The code below generates the results. Comments are provided where appropriate to assist understanding.

In [2]:

# Edit the line below to change the number of experiments, and observe the effect on the results
num_experiments = 100000

# Initialize an empty list to store the results
results = []

# Main loop over experiments
for i in range(num_experiments):
    # Generate ten random numbers in the range 0 to 1, count how
    # many of them exceed 0.5 - this is equivalent to tossing a head
    num_heads = 0
    for j in range(10):
        if np.random.rand() > 0.5:
            num_heads += 1

    # Store how many heads there were in this experiment
    results.append(num_heads)

# Plot a historgram of the number of heads
n, bins, patches = plt.hist(results, 10, facecolor='green', alpha=0.7)
plt.xlabel('number of heads')
plt.ylabel('frequency');

We can use the numerical results to determine the answer for parts (i) and (ii).

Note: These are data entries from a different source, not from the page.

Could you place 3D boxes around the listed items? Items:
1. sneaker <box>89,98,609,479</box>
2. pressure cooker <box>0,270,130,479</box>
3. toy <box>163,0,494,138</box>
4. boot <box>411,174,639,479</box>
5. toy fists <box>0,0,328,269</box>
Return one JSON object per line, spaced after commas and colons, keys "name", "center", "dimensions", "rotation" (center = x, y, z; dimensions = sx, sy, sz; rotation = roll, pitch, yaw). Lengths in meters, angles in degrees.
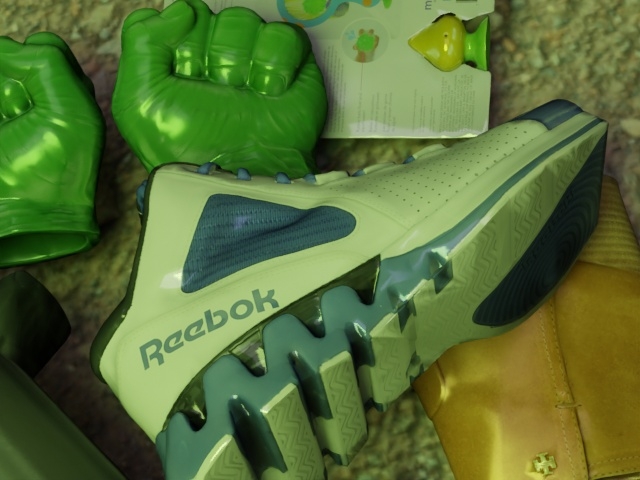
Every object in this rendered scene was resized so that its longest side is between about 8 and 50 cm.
{"name": "sneaker", "center": [-0.001, 0.001, 0.650], "dimensions": [0.315, 0.127, 0.182], "rotation": [-36, 56, -23]}
{"name": "pressure cooker", "center": [-0.256, 0.215, 0.615], "dimensions": [0.420, 0.370, 0.375], "rotation": [40, 120, 20]}
{"name": "toy", "center": [0.005, -0.129, 0.843], "dimensions": [0.237, 0.056, 0.136], "rotation": [0, 74, 16]}
{"name": "boot", "center": [0.073, 0.072, 0.745], "dimensions": [0.295, 0.104, 0.211], "rotation": [-6, 67, 1]}
{"name": "toy fists", "center": [-0.134, -0.077, 0.767], "dimensions": [0.279, 0.096, 0.142], "rotation": [-12, 75, -2]}
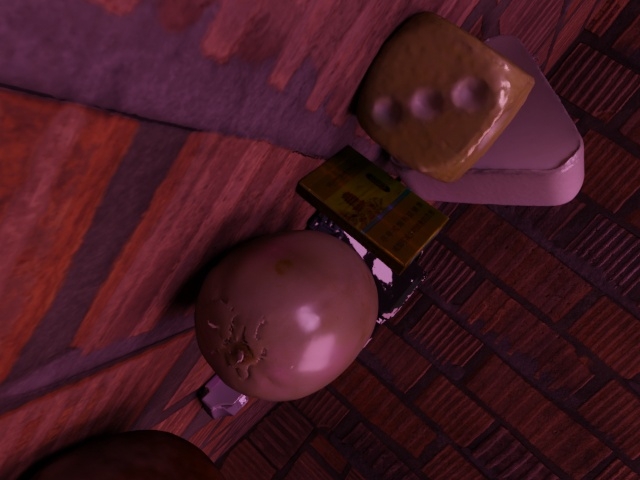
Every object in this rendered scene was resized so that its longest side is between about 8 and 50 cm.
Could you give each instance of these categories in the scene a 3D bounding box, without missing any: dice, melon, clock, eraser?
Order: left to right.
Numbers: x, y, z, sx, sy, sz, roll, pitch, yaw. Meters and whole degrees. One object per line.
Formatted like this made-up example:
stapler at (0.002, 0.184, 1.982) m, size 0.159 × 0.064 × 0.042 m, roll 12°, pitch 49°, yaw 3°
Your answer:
clock at (-0.190, 0.344, 1.119) m, size 0.253 × 0.083 × 0.186 m, roll -43°, pitch 166°, yaw -27°
melon at (-0.038, 0.094, 0.618) m, size 0.223 × 0.223 × 0.317 m, roll -55°, pitch 166°, yaw 21°
dice at (0.165, -0.191, 0.597) m, size 0.166 × 0.169 × 0.169 m, roll -57°, pitch 164°, yaw 27°
eraser at (0.290, -0.190, 0.845) m, size 0.331 × 0.331 × 0.150 m, roll -50°, pitch 145°, yaw 0°

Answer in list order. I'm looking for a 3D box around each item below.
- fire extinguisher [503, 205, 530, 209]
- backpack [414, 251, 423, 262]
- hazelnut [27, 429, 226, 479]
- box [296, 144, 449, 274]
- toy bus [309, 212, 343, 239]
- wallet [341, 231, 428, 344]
fire extinguisher at (0.338, -0.163, 0.947) m, size 0.093 × 0.294 × 0.118 m, roll 14°, pitch 109°, yaw -50°
backpack at (0.104, 0.116, 1.178) m, size 0.354 × 0.201 × 0.378 m, roll -39°, pitch 161°, yaw -40°
hazelnut at (-0.304, 0.461, 0.596) m, size 0.359 × 0.359 × 0.409 m, roll -56°, pitch 161°, yaw 26°
box at (0.076, -0.051, 0.642) m, size 0.121 × 0.193 × 0.030 m, roll -41°, pitch 161°, yaw -32°
toy bus at (0.000, 0.000, 0.837) m, size 0.190 × 0.064 × 0.075 m, roll -58°, pitch 176°, yaw 34°
wallet at (0.058, 0.106, 0.948) m, size 0.323 × 0.247 × 0.041 m, roll -46°, pitch -168°, yaw -12°
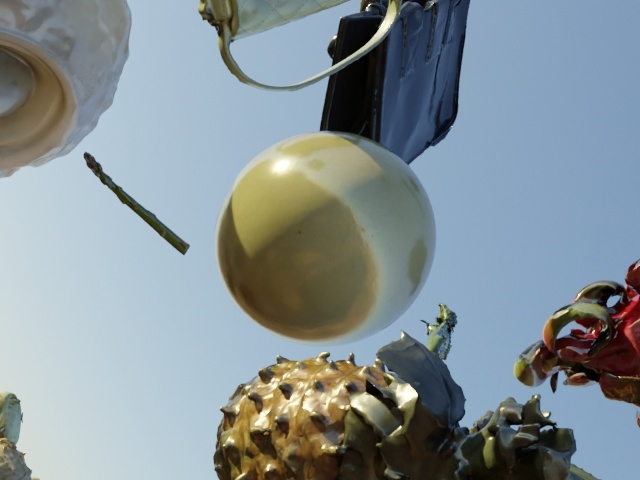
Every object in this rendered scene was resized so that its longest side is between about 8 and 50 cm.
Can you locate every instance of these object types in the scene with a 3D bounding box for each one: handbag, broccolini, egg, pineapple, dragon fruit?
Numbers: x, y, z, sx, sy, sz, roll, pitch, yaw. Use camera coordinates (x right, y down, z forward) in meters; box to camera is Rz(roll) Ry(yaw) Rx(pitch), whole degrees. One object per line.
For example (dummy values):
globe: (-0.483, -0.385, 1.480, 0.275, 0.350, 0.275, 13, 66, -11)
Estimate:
handbag: (0.099, -0.232, 1.225, 0.118, 0.325, 0.269, 17, -61, 18)
handbag: (-0.011, -0.265, 0.909, 0.079, 0.256, 0.219, 11, -59, 51)
broccolini: (0.144, 0.174, 1.304, 0.062, 0.271, 0.123, 9, -79, 13)
egg: (0.000, 0.000, 0.818, 0.186, 0.186, 0.241, 59, -18, -5)
pineapple: (0.052, 0.140, 0.599, 0.310, 0.141, 0.170, -7, -68, 52)
dragon fruit: (0.346, 0.094, 0.886, 0.272, 0.198, 0.218, 23, -24, 14)

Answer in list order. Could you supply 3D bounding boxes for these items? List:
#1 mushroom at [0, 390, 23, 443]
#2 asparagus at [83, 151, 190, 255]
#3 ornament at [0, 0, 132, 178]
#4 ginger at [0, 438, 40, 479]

The probability of the coins coming down on head exactly 5 times is:

$$ P(5) = \mathcal{C}_5^{10} \left( \frac{1}{2} \right)^5 \left( \frac{1}{2} \right)^5 = 0.246 $$

The probability of getting 7 heads is:

$$ P(7) = \mathcal{C}_7^{10} \left( \frac{1}{2} \right)^7 \left( \frac{1}{2} \right)^3 = 0.117 $$

and getting more than 7 heads:

$$ P(8, 9, 10) = \mathcal{C}_8^{10} \left( \frac{1}{2} \right)^8 \left( \frac{1}{2} \right)^2 + \mathcal{C}_9^{10} \left( \frac{1}{2} \right)^9 \left( \frac{1}{2} \right)^1 + \mathcal{C}_{10}^{10} \left( \frac{1}{2} \right)^{10} \left( \frac{1}{2} \right)^0 = 0.055 $$

In [3]:

import operator    
def get_proportion(n, op, results):
    return sum(op(i, n) for i in results)/len(results)     
    
print('Proportion with five heads: {}'.format(get_proportion(5, operator.eq, results)))
print('Proportion with seven heads: {}'.format(get_proportion(7, operator.eq, results)))
print('Proportion with more than seven heads: {}'.format(get_proportion(7, operator.gt, results)))

Proportion with five heads: 0.24626
Proportion with seven heads: 0.11801
Proportion with more than seven heads: 0.05494